EXERCISE:
Pick out the lines in the listing below that contain the word "goose" and copy them.

DATA FOR REVIEW:
________________________________________

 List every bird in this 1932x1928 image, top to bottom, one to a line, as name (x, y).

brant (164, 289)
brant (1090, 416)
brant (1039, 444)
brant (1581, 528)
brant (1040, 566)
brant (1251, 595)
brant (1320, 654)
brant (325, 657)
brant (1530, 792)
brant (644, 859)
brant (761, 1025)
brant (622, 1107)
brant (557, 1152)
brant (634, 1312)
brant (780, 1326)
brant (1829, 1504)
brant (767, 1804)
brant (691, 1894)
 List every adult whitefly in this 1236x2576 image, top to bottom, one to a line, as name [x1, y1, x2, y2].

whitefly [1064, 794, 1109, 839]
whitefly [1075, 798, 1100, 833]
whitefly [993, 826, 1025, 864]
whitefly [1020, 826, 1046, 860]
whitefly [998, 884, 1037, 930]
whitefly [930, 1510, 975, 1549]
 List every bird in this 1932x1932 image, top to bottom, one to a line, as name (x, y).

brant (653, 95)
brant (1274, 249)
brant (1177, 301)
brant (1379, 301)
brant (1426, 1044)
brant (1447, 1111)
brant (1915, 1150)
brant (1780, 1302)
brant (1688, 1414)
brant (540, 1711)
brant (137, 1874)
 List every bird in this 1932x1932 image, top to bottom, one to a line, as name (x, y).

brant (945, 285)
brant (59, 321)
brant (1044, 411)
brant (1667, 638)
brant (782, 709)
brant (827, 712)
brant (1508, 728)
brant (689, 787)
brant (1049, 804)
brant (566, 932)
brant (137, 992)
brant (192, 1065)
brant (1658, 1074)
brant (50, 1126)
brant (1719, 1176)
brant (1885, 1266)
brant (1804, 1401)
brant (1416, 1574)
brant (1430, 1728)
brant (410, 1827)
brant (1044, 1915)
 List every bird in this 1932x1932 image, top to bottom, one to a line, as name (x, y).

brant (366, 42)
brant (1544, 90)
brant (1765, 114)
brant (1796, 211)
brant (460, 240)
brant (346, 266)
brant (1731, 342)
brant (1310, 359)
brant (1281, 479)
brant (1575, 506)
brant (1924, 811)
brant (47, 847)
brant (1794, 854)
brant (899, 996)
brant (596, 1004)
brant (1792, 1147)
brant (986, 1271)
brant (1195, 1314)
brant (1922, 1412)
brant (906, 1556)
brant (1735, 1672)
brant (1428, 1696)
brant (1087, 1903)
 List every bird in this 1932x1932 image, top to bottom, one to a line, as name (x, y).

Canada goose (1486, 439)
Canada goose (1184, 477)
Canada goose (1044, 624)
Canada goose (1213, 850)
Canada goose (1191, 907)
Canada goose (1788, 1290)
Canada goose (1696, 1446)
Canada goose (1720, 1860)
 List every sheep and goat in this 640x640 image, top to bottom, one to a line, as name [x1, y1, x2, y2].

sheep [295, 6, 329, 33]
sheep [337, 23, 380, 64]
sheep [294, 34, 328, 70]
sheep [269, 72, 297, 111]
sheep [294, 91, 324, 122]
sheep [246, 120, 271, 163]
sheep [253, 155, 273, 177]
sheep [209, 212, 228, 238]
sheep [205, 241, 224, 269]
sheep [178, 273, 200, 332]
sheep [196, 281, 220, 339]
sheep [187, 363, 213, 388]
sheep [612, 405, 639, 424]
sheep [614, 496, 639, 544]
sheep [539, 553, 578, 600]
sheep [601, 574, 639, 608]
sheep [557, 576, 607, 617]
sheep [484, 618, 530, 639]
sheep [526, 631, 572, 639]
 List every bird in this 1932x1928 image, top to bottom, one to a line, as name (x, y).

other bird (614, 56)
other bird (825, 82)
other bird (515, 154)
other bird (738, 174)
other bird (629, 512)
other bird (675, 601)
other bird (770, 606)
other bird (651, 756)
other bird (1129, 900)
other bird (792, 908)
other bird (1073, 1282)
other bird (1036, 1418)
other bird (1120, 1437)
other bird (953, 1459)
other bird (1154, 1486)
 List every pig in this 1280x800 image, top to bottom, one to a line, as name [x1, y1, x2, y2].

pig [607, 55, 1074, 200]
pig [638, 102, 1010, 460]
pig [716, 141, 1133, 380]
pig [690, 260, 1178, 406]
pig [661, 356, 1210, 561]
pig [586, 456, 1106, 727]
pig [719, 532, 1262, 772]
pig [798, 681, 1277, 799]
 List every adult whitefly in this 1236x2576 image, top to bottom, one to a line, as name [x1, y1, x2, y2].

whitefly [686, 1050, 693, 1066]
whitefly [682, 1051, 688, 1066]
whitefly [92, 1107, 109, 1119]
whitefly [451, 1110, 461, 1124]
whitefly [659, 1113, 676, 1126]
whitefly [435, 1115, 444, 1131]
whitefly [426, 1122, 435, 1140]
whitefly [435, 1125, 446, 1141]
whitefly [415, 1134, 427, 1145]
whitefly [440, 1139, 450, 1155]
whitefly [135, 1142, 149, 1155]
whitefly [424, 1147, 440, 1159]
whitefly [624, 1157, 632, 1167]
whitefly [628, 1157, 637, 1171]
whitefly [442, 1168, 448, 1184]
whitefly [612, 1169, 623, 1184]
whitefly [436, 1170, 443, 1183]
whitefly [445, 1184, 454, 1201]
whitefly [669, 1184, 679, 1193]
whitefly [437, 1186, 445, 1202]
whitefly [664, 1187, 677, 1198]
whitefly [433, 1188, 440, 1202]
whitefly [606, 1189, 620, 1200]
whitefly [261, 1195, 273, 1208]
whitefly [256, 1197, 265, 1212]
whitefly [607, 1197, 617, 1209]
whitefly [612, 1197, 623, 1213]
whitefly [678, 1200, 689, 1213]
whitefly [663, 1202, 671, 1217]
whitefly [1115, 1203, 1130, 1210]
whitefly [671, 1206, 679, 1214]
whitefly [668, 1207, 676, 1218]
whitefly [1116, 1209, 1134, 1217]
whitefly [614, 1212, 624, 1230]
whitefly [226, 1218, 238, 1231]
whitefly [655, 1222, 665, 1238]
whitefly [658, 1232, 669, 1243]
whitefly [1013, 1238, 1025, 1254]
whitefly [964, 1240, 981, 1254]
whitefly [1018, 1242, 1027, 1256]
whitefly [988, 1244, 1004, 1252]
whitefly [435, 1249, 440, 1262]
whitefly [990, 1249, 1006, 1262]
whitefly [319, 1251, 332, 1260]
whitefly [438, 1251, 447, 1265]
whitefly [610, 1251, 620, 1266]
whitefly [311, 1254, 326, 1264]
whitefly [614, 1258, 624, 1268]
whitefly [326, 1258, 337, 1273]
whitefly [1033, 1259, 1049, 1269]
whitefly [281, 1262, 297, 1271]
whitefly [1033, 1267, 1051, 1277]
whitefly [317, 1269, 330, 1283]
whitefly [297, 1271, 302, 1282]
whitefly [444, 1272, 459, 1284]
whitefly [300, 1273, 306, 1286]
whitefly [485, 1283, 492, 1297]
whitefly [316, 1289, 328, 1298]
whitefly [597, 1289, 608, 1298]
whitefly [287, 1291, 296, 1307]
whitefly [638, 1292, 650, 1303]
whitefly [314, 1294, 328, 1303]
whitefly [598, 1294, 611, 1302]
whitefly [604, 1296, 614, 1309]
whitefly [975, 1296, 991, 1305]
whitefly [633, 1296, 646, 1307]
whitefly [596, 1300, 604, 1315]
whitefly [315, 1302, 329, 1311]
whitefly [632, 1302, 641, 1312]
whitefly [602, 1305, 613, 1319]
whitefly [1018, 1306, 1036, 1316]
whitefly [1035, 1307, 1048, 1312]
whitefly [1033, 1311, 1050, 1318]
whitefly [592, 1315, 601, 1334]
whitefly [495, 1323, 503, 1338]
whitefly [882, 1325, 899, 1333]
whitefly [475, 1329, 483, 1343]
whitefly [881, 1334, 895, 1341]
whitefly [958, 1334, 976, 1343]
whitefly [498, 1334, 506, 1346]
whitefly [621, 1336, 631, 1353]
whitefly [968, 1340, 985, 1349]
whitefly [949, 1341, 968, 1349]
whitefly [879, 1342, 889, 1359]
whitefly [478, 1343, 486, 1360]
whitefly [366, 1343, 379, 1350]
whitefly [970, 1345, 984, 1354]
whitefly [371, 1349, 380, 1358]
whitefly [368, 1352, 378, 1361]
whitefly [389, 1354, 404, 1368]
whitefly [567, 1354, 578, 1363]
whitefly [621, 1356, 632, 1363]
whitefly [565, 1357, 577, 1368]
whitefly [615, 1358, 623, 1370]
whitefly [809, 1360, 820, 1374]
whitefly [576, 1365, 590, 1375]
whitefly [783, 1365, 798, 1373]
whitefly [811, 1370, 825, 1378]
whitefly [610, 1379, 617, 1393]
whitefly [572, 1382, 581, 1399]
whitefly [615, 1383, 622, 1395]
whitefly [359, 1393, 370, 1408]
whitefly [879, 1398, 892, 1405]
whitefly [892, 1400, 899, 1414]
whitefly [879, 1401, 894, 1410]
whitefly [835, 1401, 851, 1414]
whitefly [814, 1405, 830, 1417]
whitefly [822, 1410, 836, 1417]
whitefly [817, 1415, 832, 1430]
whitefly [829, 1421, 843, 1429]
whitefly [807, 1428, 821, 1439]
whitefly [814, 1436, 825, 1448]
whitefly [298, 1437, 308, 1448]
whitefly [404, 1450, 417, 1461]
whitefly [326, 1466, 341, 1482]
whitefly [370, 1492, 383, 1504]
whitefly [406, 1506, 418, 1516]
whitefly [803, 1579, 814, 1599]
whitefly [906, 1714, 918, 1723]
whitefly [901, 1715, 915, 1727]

________________________________________

TASK RESPONSE:
Canada goose (1486, 439)
Canada goose (1184, 477)
Canada goose (1044, 624)
Canada goose (1213, 850)
Canada goose (1191, 907)
Canada goose (1788, 1290)
Canada goose (1696, 1446)
Canada goose (1720, 1860)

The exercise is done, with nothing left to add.